The Redeemer is a sedo-slasher with some (very confusing) religious undertones from the late 1970s. It’s very much a low budget, low spectacle type of affair, and as a result is filled with a lot of corny lines and heaping doses of confusion. But it’s also a film that seems dead-set (heh) on taking itself, and it’s message, quite seriously. The only problem is that I’m not quite sure what that message is and, looking back at it, I’m not 100% sure if the film knows what it is either.
The film’s main problem is it’s lack of exposition. There’s a lot of interesting and interwoven imagery going on here, but very little of it is actually explained, leaving the viewer to sit and wonder how it all actually ties together. The film opens with what looks like a water-filled quarry as a boy, fully clothed and fist held high, slowly emerges from the lake, walks through the woods and then…takes a bus to church?
Okay.
We eventually find out the boy’s name is Christopher, but his role is never clearly formed. It’s clear he’s supernatural in nature, and that he gives a man, who we later find out is the priest of the church he visits, supernatural powers to…redeem, I guess, and an…extra thumb? The extra thumb is never fully explained, though I infer it’s some sort of marking to show that the priest is Christopher’s emissary…or something. I don’t know. Like I said, it’s never acknowledged, let alone explained.
Jason Vorhees’s more aquatically gifted cousin.
I don’t know. If I were a vengeful being I’d pick a better symbol to represent myself.
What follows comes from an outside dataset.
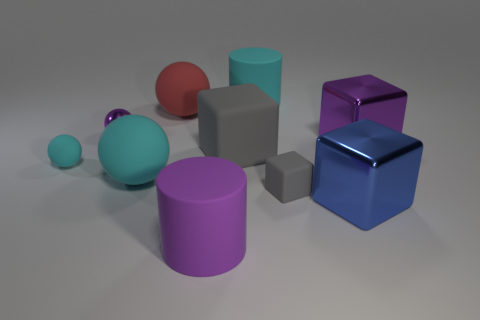Subtract 1 blocks. How many blocks are left? 3 Subtract all cylinders. How many objects are left? 8 Add 3 big gray matte blocks. How many big gray matte blocks exist? 4 Subtract 1 blue cubes. How many objects are left? 9 Subtract all gray things. Subtract all tiny blocks. How many objects are left? 7 Add 3 purple objects. How many purple objects are left? 6

Then there’s the reasoning for choosing these particular six individuals to ‘redeem.’ Short of showing us that they all basically represent (and rather vaguely, I might add) one or more of the seven deadly sins (even though there’s only six of them), no real explanation is given for why these particular people are being punished. We meet them before they show up at the school and, other than being a bit annoying, I can’t see anything they’ve done that really justifies killing them. They’re not shown to be murderers, rapists or serial abusers. They really just seem like random people living their lives. The back of one of the VHS copies I saw online mentioned something about the priest being one of their former classmates that they once tormented during their school days, but unless there’s a cut scene on one of those old VHS tapes out there somewhere that didn’t make it onto this cut of the film, that explanation is patently false. No such reasoning is given in the film. In fact, the characters themselves wonder several times why it is that they’re being punished. The closest thing we get to a ‘reason’ is that all 6 former classmates were all placed on the same yearbook page…
…Wait, what?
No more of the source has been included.